Ask HN: Do you hate running out of toothpaste? (My startup idea) - DealsForHackers
http://www.surveygizmo.com/s3/439396/Do-you-hate-running-out-of-toothpaste-My-startup-idea

======
drallison
<http://www.alice.com> does this for toothpaste an a number of other products.

------
ForumRatt
No, but I hate it when my girlfriend does!

I buy my toiletries by the dozen, I never run out, I shop at Sams Club!

------
fezzl
Heard of <http://www.tuskfairy.com>?

------
veb
I like it. I'd use it, if it wasn't too expensive...

------
DealsForHackers
I hate running out of toothpaste, and you probably do too!
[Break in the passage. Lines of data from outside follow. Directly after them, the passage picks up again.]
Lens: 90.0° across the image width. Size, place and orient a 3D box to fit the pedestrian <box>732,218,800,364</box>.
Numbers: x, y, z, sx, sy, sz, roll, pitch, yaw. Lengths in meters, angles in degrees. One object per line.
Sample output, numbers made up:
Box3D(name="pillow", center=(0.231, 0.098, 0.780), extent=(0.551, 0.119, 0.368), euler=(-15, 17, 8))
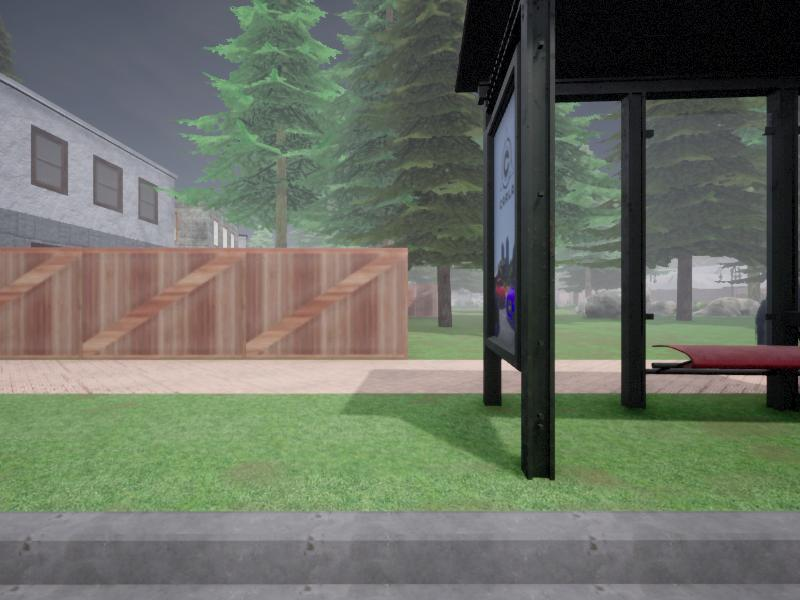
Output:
Box3D(name="pedestrian", center=(5.203, -0.115, 5.442), extent=(0.751, 1.860, 0.751), euler=(0, 0, 5))
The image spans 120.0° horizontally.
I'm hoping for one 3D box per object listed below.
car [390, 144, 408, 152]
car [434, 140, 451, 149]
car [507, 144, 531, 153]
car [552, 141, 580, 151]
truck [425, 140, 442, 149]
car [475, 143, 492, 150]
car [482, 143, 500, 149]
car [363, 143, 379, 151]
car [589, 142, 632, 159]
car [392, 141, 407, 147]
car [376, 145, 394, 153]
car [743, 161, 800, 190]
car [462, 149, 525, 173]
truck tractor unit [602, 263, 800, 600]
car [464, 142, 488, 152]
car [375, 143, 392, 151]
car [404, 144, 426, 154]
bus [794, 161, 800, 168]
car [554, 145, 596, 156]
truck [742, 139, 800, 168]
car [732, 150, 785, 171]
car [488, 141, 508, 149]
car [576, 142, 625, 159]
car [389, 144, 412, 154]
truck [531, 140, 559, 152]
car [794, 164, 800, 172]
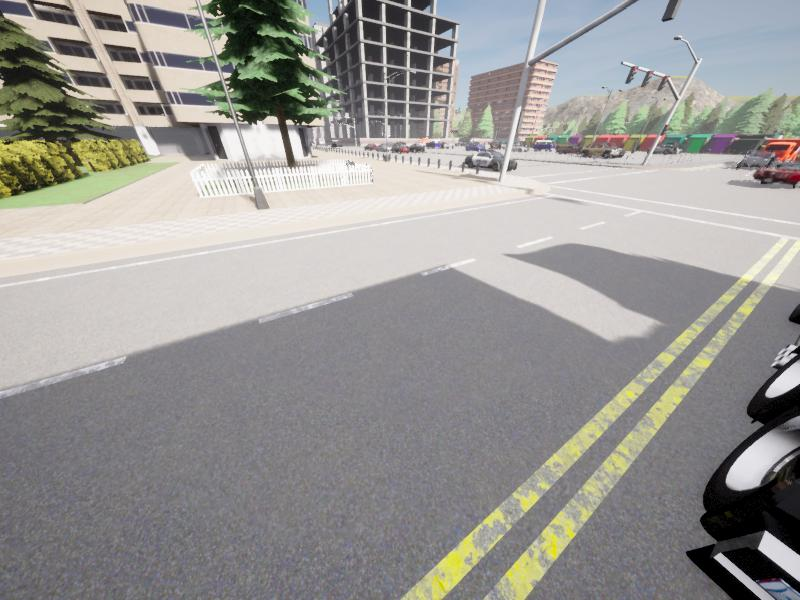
[{"bbox_3d":[-0.343,-33.022,50.135,1.812,1.442,4.674,-18,39,-25],"label":"car"},{"bbox_3d":[11.196,-41.331,61.496,1.932,1.855,4.605,-18,39,-24],"label":"car"},{"bbox_3d":[24.330,-31.196,47.466,1.970,1.475,3.806,-18,39,-24],"label":"car"},{"bbox_3d":[38.930,-36.208,54.345,1.932,1.855,4.605,-18,39,-24],"label":"car"},{"bbox_3d":[8.723,-40.557,60.201,2.069,2.038,4.478,-18,39,-24],"label":"truck"},{"bbox_3d":[21.793,-40.330,60.560,1.970,1.475,3.806,-18,39,-24],"label":"car"},{"bbox_3d":[24.303,-41.173,61.733,1.784,1.438,3.905,-18,39,-24],"label":"car"},{"bbox_3d":[-6.723,-35.340,53.416,1.812,1.442,4.674,-18,39,-24],"label":"car"},{"bbox_3d":[30.702,-21.946,33.816,1.905,1.878,3.866,-18,39,-24],"label":"car"},{"bbox_3d":[-0.159,-52.203,77.291,4.892,1.490,1.837,-18,39,-25],"label":"car"},{"bbox_3d":[-3.219,-31.823,48.523,1.895,1.301,4.718,-18,39,-24],"label":"car"},{"bbox_3d":[24.341,-7.293,13.511,4.718,1.301,1.895,4,35,5],"label":"car"},{"bbox_3d":[8.219,-12.627,20.845,2.038,1.542,4.974,-18,39,-24],"label":"car"},{"bbox_3d":[5.107,-0.304,0.785,6.516,4.208,3.053,-18,39,-24],"label":"truck tractor unit"},{"bbox_3d":[16.243,-32.866,49.679,2.242,1.667,4.611,-18,39,-24],"label":"car"},{"bbox_3d":[-3.984,-36.605,55.296,2.033,1.411,5.357,-18,39,-24],"label":"car"},{"bbox_3d":[2.913,-29.849,45.522,1.882,1.535,5.008,-18,39,-25],"label":"car"},{"bbox_3d":[47.601,-16.327,24.065,10.273,4.253,3.944,-17,38,-23],"label":"bus"},{"bbox_3d":[29.841,-25.723,39.639,2.033,1.415,5.357,-18,39,-24],"label":"car"},{"bbox_3d":[40.589,-15.798,24.812,5.204,2.467,2.627,-17,39,-23],"label":"truck"},{"bbox_3d":[34.647,-13.546,22.358,3.633,1.501,1.845,-18,39,-24],"label":"car"},{"bbox_3d":[26.604,-42.128,62.753,1.932,1.855,4.605,-18,39,-24],"label":"car"},{"bbox_3d":[28.167,-21.159,32.662,1.932,1.855,4.605,-18,39,-24],"label":"car"},{"bbox_3d":[-0.021,-28.739,43.956,2.163,1.488,4.792,-18,39,-24],"label":"car"},{"bbox_3d":[31.837,-33.938,50.869,2.069,2.038,4.478,-18,39,-24],"label":"truck"},{"bbox_3d":[38.890,-12.644,21.014,5.027,1.651,2.152,-18,39,-24],"label":"car"}]
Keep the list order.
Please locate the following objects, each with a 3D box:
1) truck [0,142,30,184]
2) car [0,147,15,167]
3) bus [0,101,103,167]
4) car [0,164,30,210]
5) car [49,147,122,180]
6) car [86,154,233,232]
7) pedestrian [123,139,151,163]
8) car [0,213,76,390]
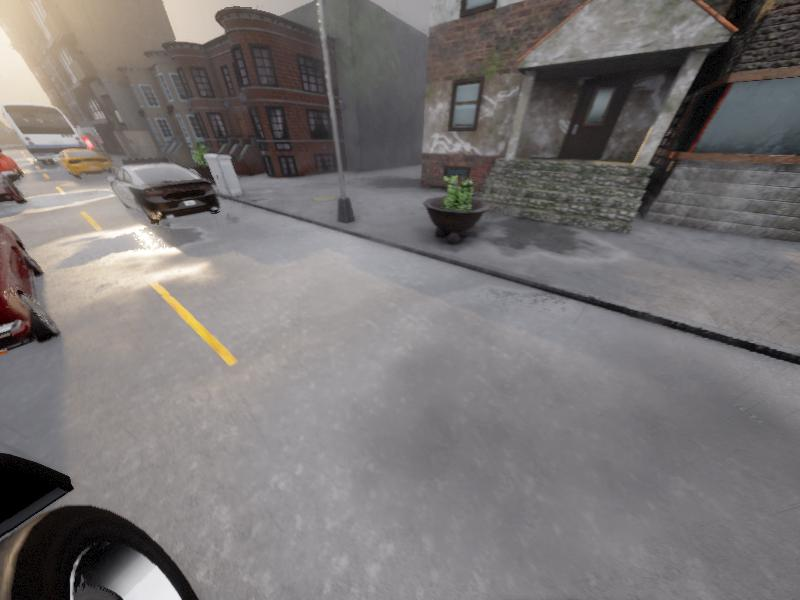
[{"bbox_3d":[-24.681,-8.277,13.260,5.204,2.467,2.627,23,41,28],"label":"truck"},{"bbox_3d":[-35.078,-12.380,19.491,3.866,1.878,1.905,23,41,28],"label":"car"},{"bbox_3d":[-33.334,-15.372,21.695,10.273,4.253,3.944,22,41,29],"label":"bus"},{"bbox_3d":[-16.458,-4.385,8.784,4.181,1.385,1.994,23,41,28],"label":"car"},{"bbox_3d":[-20.956,-9.171,15.378,5.008,1.535,1.882,23,41,28],"label":"car"},{"bbox_3d":[-8.366,-3.949,8.002,5.238,1.638,1.930,23,41,28],"label":"car"},{"bbox_3d":[-24.450,-13.848,21.469,0.751,1.860,0.751,12,37,15],"label":"pedestrian"},{"bbox_3d":[-6.469,-0.174,2.970,4.718,1.301,1.895,23,41,28],"label":"car"}]
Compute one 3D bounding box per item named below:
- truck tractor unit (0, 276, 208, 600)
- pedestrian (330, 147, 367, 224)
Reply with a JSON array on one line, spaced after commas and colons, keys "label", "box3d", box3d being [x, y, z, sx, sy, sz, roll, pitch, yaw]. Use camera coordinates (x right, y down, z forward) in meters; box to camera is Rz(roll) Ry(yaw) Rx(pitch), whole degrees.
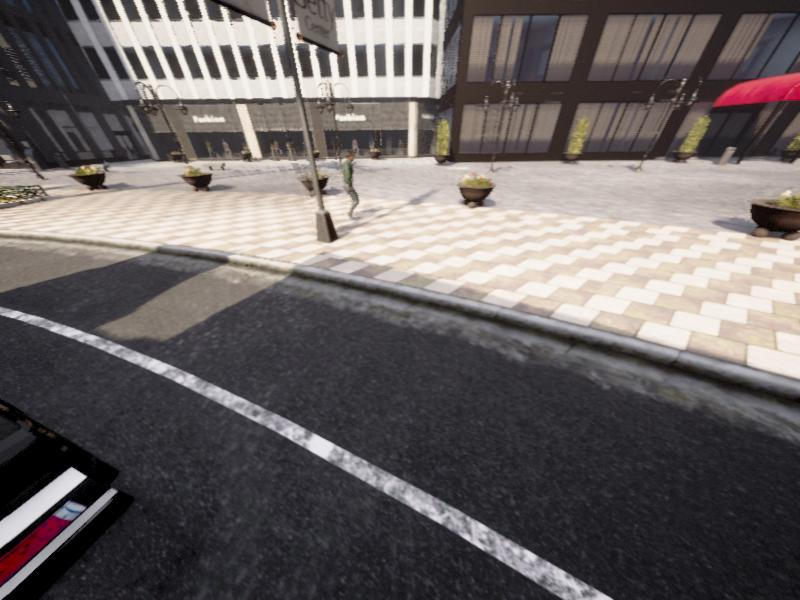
[{"label": "truck tractor unit", "box3d": [-5.274, -0.092, 0.507, 6.516, 4.208, 3.053, 11, 37, 16]}, {"label": "pedestrian", "box3d": [-1.422, -3.278, 6.678, 0.751, 1.860, 0.751, -4, 35, -5]}]
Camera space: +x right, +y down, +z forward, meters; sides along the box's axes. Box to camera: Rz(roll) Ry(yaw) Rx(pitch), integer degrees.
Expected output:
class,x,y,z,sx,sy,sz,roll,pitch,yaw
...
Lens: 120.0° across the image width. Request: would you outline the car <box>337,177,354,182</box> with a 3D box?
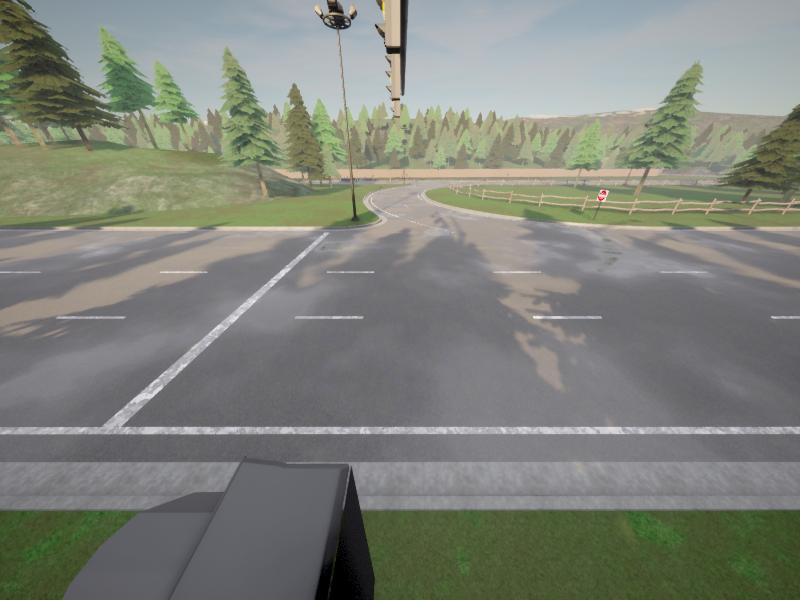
class,x,y,z,sx,sy,sz,roll,pitch,yaw
car,-16.483,-36.544,69.995,4.718,1.301,1.895,0,30,0
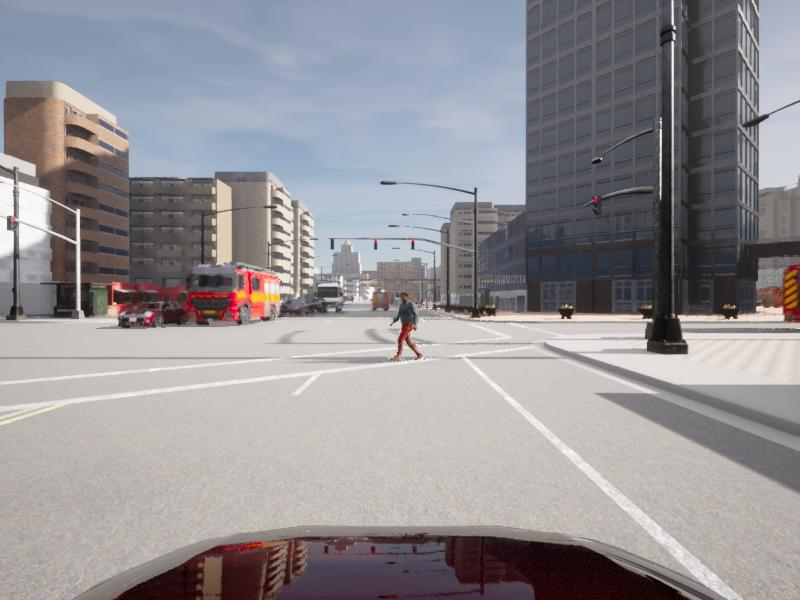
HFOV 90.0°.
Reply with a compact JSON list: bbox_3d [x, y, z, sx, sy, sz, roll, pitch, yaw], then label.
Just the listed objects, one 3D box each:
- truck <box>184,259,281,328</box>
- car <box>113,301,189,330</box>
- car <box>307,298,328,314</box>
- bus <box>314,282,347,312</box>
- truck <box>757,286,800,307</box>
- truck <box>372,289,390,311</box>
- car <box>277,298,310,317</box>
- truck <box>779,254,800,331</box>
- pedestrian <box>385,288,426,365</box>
[{"bbox_3d":[-10.507,-0.360,26.345,2.891,3.827,8.468,0,0,0],"label":"truck"},{"bbox_3d":[-14.005,0.817,22.807,1.970,1.475,3.806,0,0,0],"label":"car"},{"bbox_3d":[-10.535,0.756,51.066,1.905,1.878,3.866,0,-1,0],"label":"car"},{"bbox_3d":[-10.552,-0.317,61.738,3.944,4.253,10.273,0,-1,-4],"label":"bus"},{"bbox_3d":[71.877,-0.664,74.837,2.891,3.827,8.468,0,0,2],"label":"truck"},{"bbox_3d":[-3.501,0.025,75.380,2.891,3.827,8.468,0,-1,0],"label":"truck"},{"bbox_3d":[-10.501,0.706,39.805,2.097,1.767,4.553,0,0,0],"label":"car"},{"bbox_3d":[24.101,-0.379,19.456,8.468,3.827,2.891,0,0,1],"label":"truck"},{"bbox_3d":[0.129,0.635,10.090,0.751,1.860,0.751,0,0,-31],"label":"pedestrian"}]
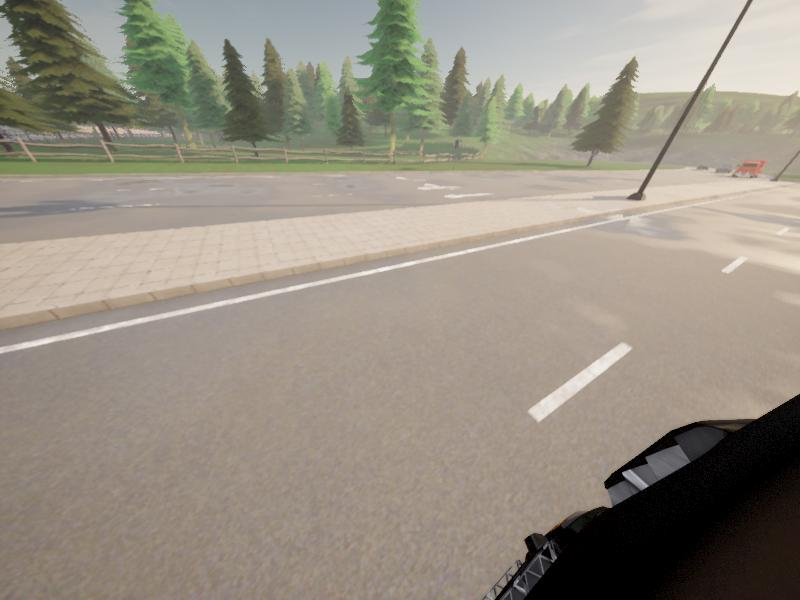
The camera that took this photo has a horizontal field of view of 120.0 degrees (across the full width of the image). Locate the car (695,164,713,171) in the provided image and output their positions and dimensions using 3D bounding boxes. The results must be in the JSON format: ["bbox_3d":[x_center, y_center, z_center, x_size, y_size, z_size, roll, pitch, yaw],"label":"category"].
[{"bbox_3d":[69.731,-30.464,53.005,4.718,1.301,1.895,-22,42,-32],"label":"car"}]

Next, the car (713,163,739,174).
[{"bbox_3d":[65.159,-26.323,46.112,4.553,1.767,2.097,-19,40,-29],"label":"car"}]

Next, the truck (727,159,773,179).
[{"bbox_3d":[55.333,-20.772,36.554,5.204,2.467,2.627,-17,39,-27],"label":"truck"}]

Every month or so, I use up all of my toothpaste, and have to run out to the
store to pick some more up. This annoys me every time - toothpaste is NOT an
impluse buy!

I mean, I've used the same brand for a decade. I brush my teeth twice a day.
Clearly, toothpaste (and all of my other toiletries) is something I shouldn't
have to worry about - it should just appear in my bathroom when needed!

My startup pitch is this:

A service that would, once a month, deliver by mail ALL of your needed
toiletries - toothpaste, shampoo, shaving cream, deodorant, soap, etc. These
would be the products you use normally - Old Spice, Colgate, Gillette, etc.
The prices would be equal to, or often less than the store prices.